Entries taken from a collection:
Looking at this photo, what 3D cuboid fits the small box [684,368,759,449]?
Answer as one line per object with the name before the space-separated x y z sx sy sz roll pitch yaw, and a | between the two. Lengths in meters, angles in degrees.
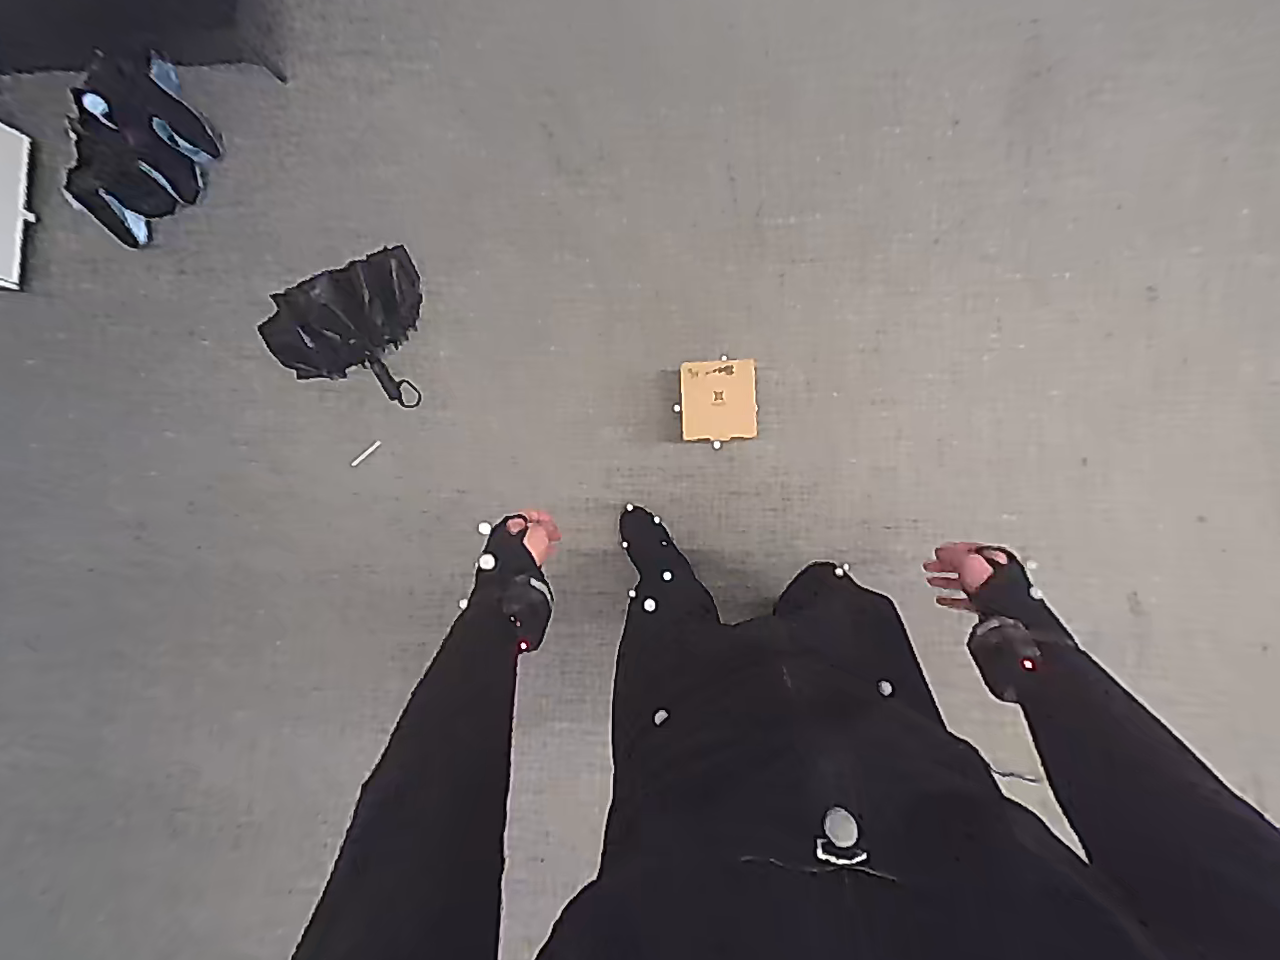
small box | 0.188 -0.162 1.275 0.168 0.176 0.179 -2 90 5
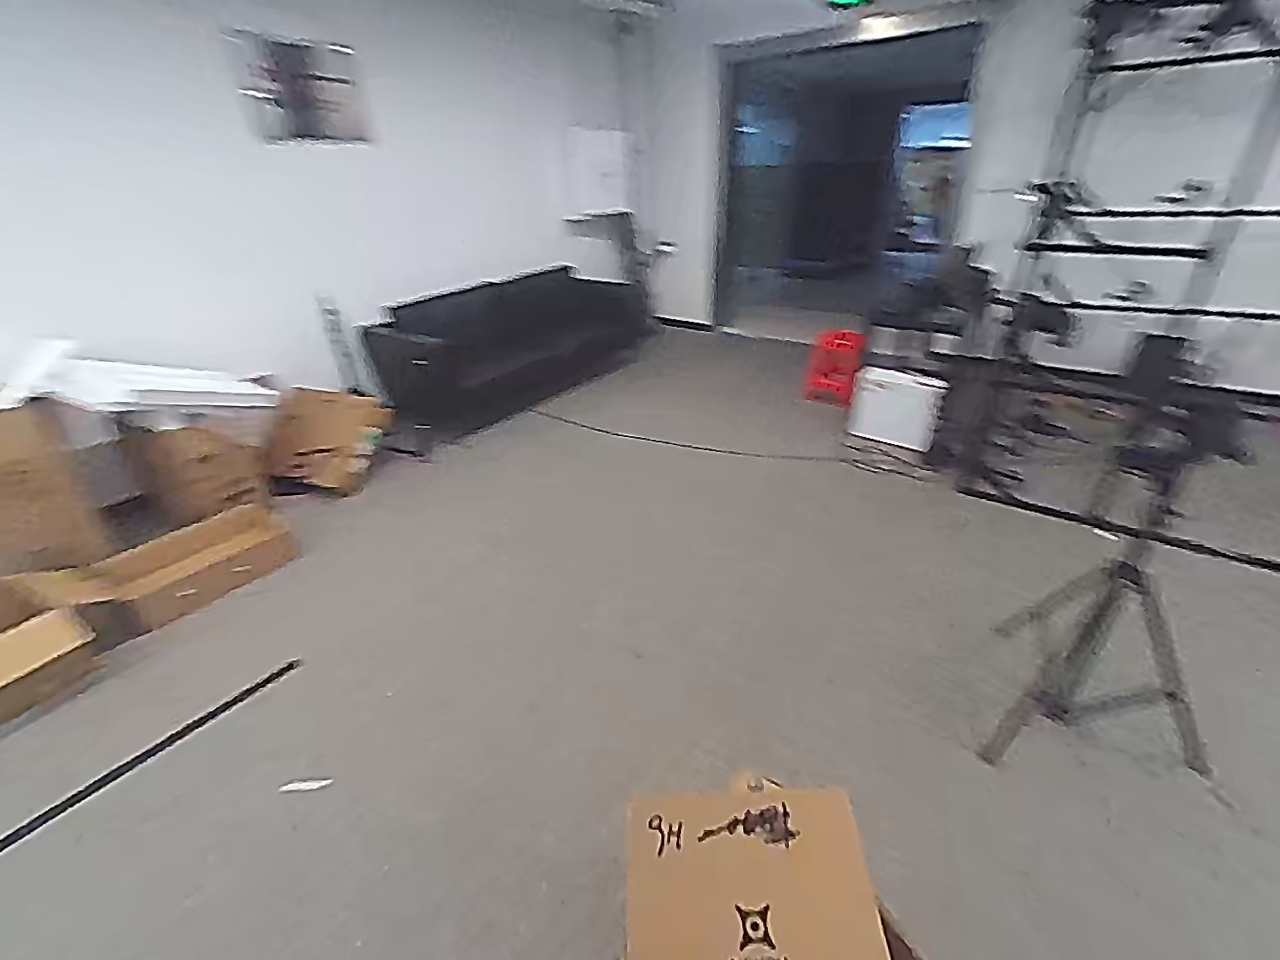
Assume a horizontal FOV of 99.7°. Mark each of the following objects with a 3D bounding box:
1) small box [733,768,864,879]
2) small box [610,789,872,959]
[{"bbox_3d":[0.173,0.532,0.704,0.168,0.176,0.179,16,37,33],"label":"small box"},{"bbox_3d":[0.067,0.349,0.403,0.168,0.176,0.179,-3,48,0],"label":"small box"}]
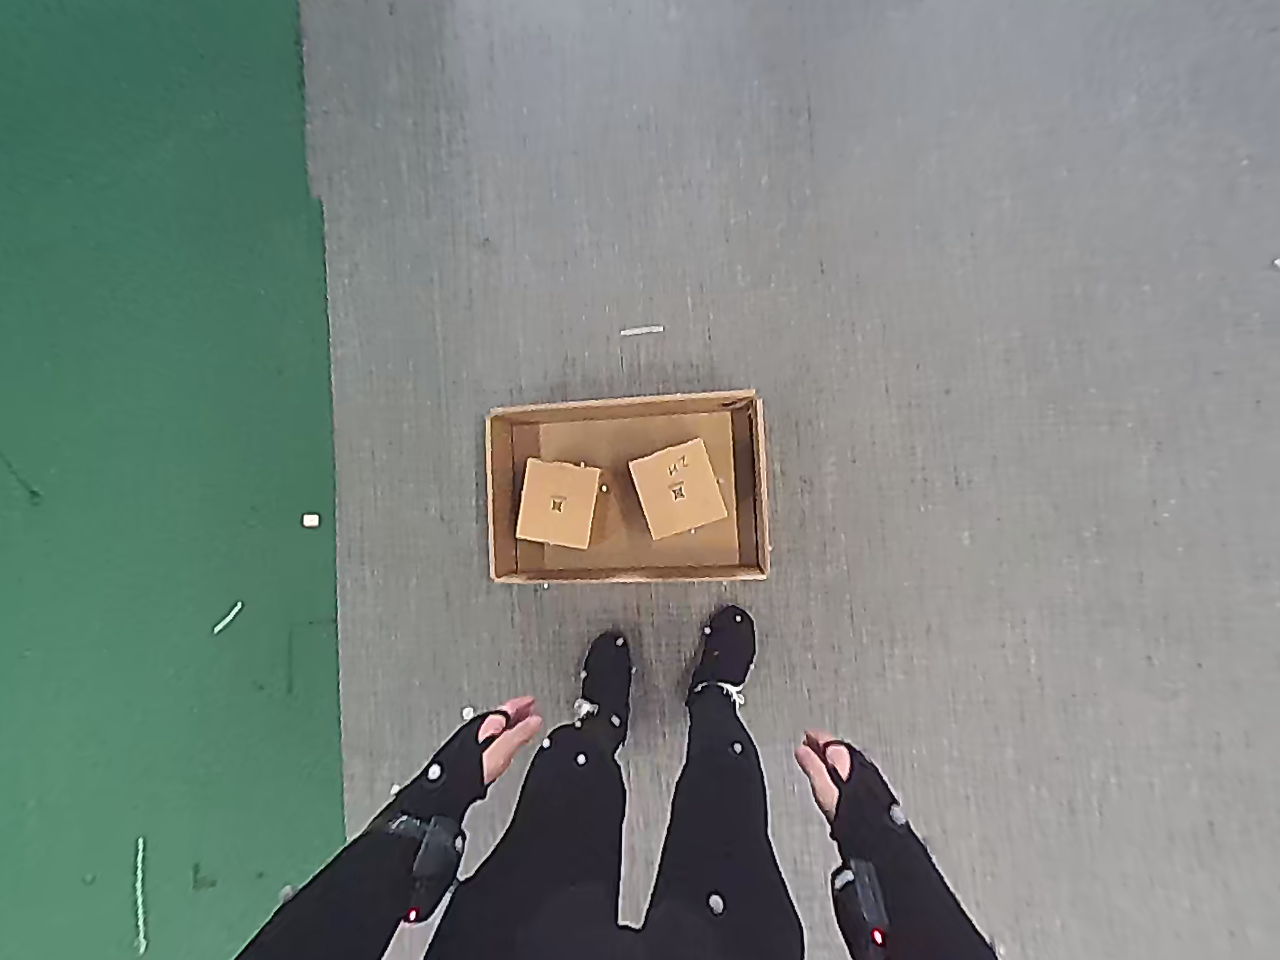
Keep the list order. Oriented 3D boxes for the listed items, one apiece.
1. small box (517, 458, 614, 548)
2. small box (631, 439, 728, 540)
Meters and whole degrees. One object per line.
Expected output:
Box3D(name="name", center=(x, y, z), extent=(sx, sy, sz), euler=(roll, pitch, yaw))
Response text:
Box3D(name="small box", center=(-0.163, 0.053, 1.238), extent=(0.168, 0.176, 0.179), euler=(9, 88, 9))
Box3D(name="small box", center=(0.095, 0.022, 1.198), extent=(0.168, 0.176, 0.179), euler=(-18, 85, 8))
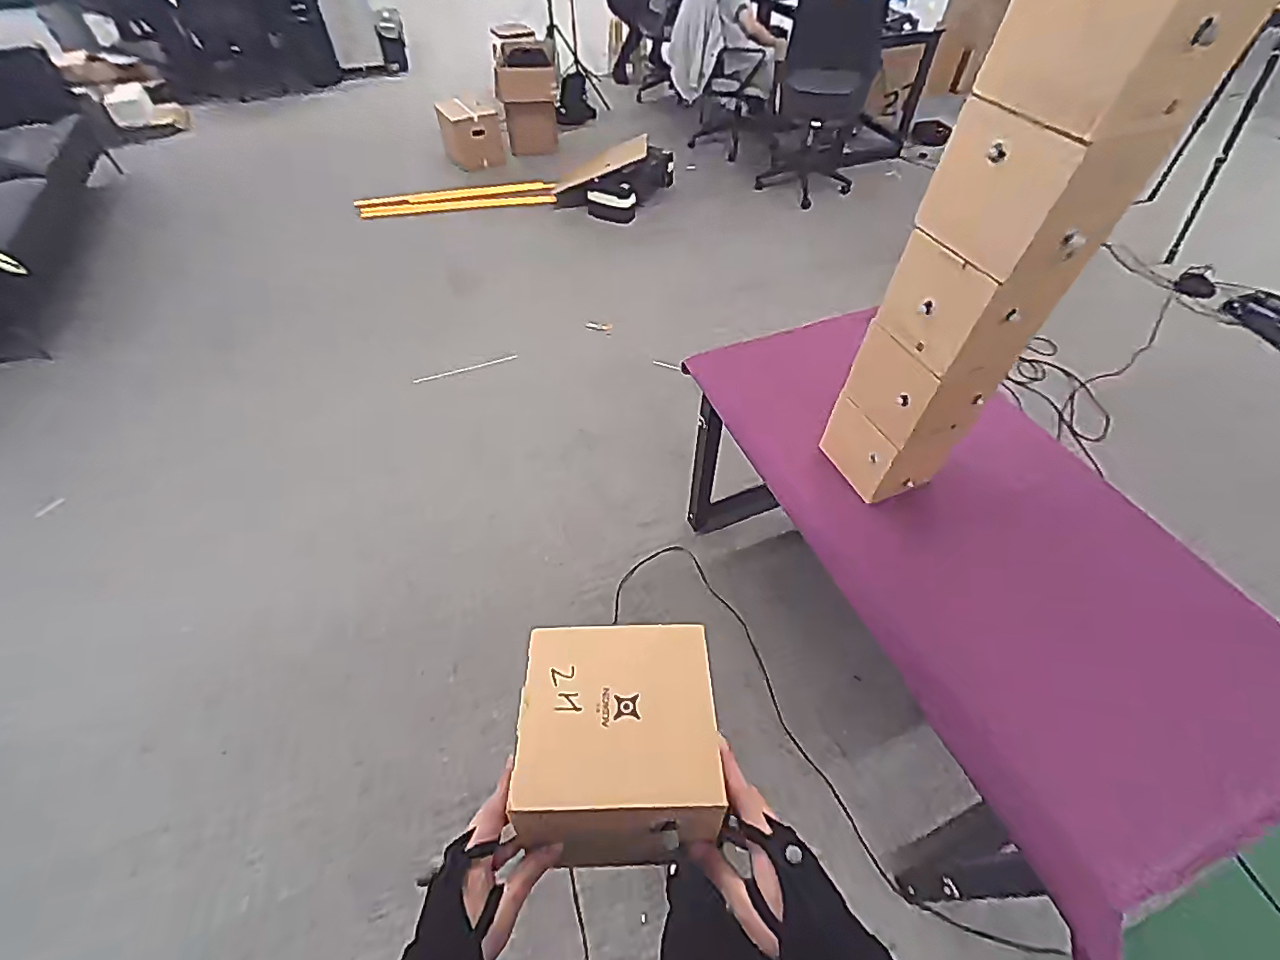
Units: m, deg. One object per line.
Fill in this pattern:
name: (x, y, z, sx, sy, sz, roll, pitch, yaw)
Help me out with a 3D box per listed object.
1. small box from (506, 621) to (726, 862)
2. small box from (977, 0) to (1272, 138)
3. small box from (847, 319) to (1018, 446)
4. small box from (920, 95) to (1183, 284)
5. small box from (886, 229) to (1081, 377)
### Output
small box: (-0.020, 0.258, 0.535, 0.179, 0.176, 0.168, -1, 41, 0)
small box: (0.518, -0.484, 0.577, 0.168, 0.176, 0.179, -18, 54, -15)
small box: (0.504, -0.180, 0.961, 0.168, 0.176, 0.179, -17, 53, -14)
small box: (0.511, -0.384, 0.706, 0.168, 0.176, 0.179, -18, 55, -15)
small box: (0.512, -0.284, 0.836, 0.179, 0.176, 0.168, -19, 55, -15)

> _TASK PROMPT_: Please return all lines above in which the string "this" is found.

> _ANSWER_:
Looking at this photo, what 3D cuboid fits the small box [684,368,759,449]?
Fill in this pattern:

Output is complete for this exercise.